## What you should do
Give back, exactly as written, the lines from the beginning of the listing through the one that contains "5. frequency where".

## Given data

-- Opening Marker --

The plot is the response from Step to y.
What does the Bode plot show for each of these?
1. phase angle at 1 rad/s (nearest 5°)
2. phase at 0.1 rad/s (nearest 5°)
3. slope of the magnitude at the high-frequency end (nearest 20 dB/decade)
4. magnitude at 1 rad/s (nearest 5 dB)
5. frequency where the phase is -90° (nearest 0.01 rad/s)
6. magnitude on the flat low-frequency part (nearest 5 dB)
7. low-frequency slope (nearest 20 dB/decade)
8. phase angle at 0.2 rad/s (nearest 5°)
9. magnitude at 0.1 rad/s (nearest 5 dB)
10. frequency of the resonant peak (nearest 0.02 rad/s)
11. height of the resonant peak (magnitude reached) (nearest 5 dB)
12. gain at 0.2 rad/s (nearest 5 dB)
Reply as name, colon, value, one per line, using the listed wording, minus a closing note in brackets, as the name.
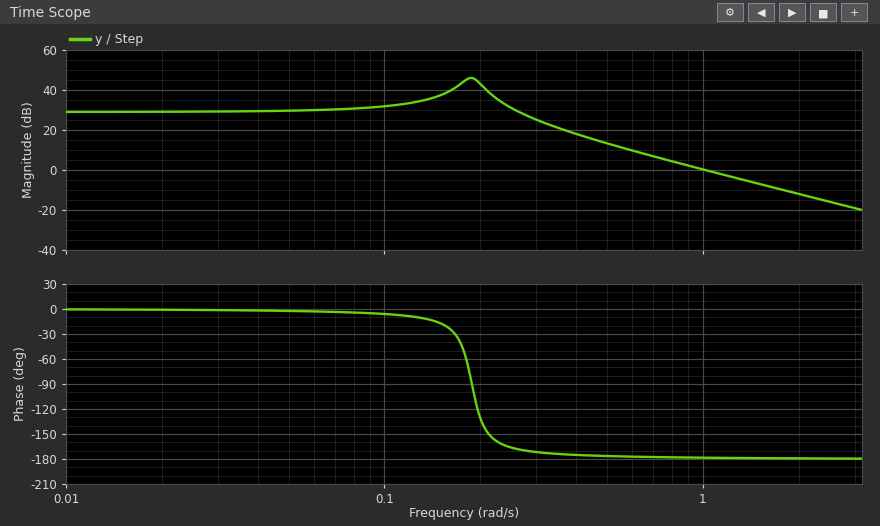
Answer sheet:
phase angle at 1 rad/s: -180°
phase at 0.1 rad/s: -5°
slope of the magnitude at the high-frequency end: -40 dB/decade
magnitude at 1 rad/s: 0 dB
frequency where the phase is -90°: 0.19 rad/s
magnitude on the flat low-frequency part: 30 dB
low-frequency slope: 0 dB/decade
phase angle at 0.2 rad/s: -130°
magnitude at 0.1 rad/s: 30 dB
frequency of the resonant peak: 0.18 rad/s
height of the resonant peak (magnitude reached): 45 dB
gain at 0.2 rad/s: 45 dB
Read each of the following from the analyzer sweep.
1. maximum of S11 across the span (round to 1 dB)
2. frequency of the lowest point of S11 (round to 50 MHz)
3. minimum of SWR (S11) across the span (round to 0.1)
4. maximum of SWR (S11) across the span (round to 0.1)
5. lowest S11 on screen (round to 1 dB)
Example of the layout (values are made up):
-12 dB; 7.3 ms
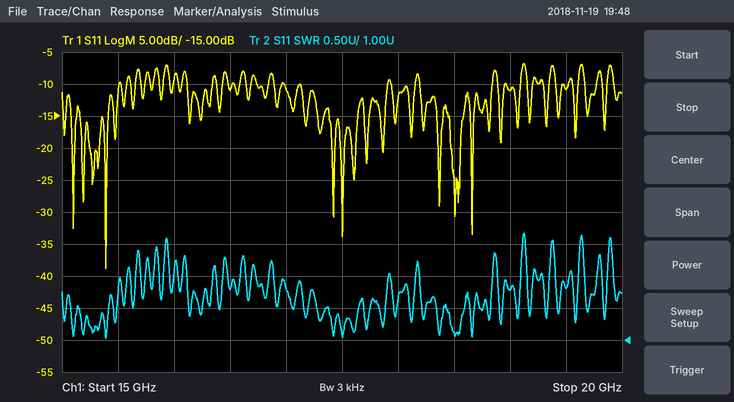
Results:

-- Closing Marker --

## Result of the task
The plot is the response from Step to y.
What does the Bode plot show for each of these?
1. phase angle at 1 rad/s (nearest 5°)
2. phase at 0.1 rad/s (nearest 5°)
3. slope of the magnitude at the high-frequency end (nearest 20 dB/decade)
4. magnitude at 1 rad/s (nearest 5 dB)
5. frequency where the phase is -90° (nearest 0.01 rad/s)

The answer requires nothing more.